More recent anecdotal evidence from students of the 1930's, refer to the Headmaster's fondness for lunch at the Woolpack Hotel, a famous Parramatta watering hole. Such was the esteem and affection held for "Tommy" the only condemnatory conclusion reached was that it was better to see him about important matters before lunch. In these days of Royal Commissions and codes of conduct one can only speculate on what current reactions might be.

Nonetheless, as was written in the 1963 Golden Jubilee Phoenix, "Tommy" Atkins presided over the destiny of Parramatta High School for twenty years. "It was he who pressed home demands for a school in the Parramatta district; it was he who was the first headmaster; it was he who kept the school going".


As with present day-students , uniform was focal point, - "Girls! Do you remember those huge pleated black sateen bloomers, they made us wear for Gym? They certainly did not do much for our figures" - "Our tunics were not the lovely royal blue of today's uniform but dark navy..." and of course the Firth Boys "turning up to school in cream trousers, blazers and flat straw boater hats, driving an immense Isotta-Fraschini..."
Sporting achievements were duly recorded and it was with some pride that the 1921 efforts of Ken Coates were acknowledged in winning the mile and 880 yards - "the first time that Parramatta will figure on the Record List of the Combined High Schools' A.A.A. The main winter sport for boys was soccer - interesting given the subsequent premiership successes of the Parramatta "Eels" in Rugby League and the "Two Blues" in Union. In football and in cricket the name of Louis Benaud (father of Richie and John) figures prominently in the 1920's.

Photographs from the time reveal that girls played basketball (now netball), and were A-grade winners of the hockey and vigoro.


Click to enlarge The School Athletic Carnival - or one event at least - featured on the front page of the Telegraph News Pictorial (27 August 1927).

The PHS School Magazine, curiously, records the results of the sack race only in the "Girls' Events".
The results were: I.Head (1), D.Holmes
(Dorothy Holmes, prefect) (2), E.McLean (3).

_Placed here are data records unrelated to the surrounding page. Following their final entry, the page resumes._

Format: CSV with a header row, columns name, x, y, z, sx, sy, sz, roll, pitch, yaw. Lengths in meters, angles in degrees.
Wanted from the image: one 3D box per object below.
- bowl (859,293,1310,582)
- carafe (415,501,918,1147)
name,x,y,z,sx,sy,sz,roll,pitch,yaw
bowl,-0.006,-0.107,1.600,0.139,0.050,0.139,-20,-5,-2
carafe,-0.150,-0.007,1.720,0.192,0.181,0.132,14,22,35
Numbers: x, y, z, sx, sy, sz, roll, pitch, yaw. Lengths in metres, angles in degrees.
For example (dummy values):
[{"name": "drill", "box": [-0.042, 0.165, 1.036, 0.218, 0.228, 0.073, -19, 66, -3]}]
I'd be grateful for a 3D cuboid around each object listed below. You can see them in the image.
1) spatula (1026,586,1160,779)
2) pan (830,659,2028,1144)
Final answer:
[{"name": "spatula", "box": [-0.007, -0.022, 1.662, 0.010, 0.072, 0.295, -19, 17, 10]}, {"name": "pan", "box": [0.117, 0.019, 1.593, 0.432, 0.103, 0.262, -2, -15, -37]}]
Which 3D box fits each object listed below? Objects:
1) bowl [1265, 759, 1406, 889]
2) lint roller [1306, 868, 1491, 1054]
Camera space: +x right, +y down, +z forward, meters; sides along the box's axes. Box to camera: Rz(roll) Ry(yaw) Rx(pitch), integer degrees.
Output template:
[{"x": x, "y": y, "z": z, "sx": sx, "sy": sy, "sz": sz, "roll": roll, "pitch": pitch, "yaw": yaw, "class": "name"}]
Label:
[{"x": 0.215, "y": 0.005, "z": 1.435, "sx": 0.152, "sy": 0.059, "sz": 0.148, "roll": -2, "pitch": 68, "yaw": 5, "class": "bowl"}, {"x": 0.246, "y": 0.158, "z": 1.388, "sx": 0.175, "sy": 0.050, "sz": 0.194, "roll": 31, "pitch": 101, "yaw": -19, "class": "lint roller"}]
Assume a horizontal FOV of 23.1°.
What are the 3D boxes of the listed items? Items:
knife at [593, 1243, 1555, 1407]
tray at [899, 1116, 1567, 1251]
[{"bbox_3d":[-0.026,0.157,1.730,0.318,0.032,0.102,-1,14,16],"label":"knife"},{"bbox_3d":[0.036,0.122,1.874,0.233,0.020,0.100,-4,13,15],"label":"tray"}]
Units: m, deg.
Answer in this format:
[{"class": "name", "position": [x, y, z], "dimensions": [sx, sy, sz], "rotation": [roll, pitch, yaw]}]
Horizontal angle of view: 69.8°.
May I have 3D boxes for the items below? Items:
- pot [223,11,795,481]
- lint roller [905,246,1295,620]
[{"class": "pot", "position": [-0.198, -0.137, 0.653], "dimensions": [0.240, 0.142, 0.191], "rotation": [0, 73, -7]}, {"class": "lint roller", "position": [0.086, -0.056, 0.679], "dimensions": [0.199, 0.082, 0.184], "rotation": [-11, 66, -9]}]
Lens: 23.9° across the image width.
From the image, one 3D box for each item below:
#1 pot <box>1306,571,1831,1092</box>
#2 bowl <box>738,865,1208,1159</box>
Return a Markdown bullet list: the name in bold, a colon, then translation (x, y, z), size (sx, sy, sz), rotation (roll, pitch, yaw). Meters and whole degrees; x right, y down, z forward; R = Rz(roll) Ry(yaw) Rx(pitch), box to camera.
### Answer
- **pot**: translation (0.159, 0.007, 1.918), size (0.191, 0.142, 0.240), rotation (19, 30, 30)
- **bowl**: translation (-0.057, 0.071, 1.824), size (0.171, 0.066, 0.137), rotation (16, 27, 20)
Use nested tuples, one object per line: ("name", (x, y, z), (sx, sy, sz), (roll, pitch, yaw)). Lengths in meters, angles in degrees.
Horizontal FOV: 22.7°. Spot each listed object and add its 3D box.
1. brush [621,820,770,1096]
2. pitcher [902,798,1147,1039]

Here is a 1924 sketch of the floorplan of the main building.
Click it to enlarge it. (28k)
Click to enlarge

Paddy Ingram
Paddy Ingram
Parramatta High School, through the sterling efforts of teachers such as Paddy Ingram, had a substantial cultural life. The annual Play Day saw Shakespearean delights presented - the performance of "As You Like It" is vividly described by Mert Potter, remembering not so much the quality of the performance but a biggish boy Scott "prowling about the stage importantly, declaiming about Yellow Stockings and wearing some bright yellow hosiery".
The end of term concert and the 4th-5th dance were also popular. E.Brown remembers the rafters ringing "to the strains of... Walking My Baby Back Home" (and) "Tip-Toe Through the Tulips"... It was E.Brown who also remembers the impact of the Depression with uniforms "darned as a sign of the times".
The 1920's are most noteworthy for the establishment of Parramatta High School as an entity, as no longer a fledgling school but a school which was establishing its tone and tradition. Miss Mackaness, a teacher at the school in the 20's summed it up best when quoting an objective observer from the Teachers College:
"I can always tell a student of Parramatta High School.
There's something about them that makes them stand out."
Mabel Mackaness
Mabel Mackaness

 

 

 

Editor's note: At this point the editor (and web designer) would like to point out a slight divergence in opinion. A usually unimpeachable authority has ascribed the above facility ("lunch at the Woolpack") to another individual, one J.J."Happy" Hudson - Master of the Department of English from 1933 onwards. The same authority went on to describe Tommy as one of particularly sober habits and upright manner.

This mystery is bound to unfold - piece at a time - as this work progresses. ...Ed.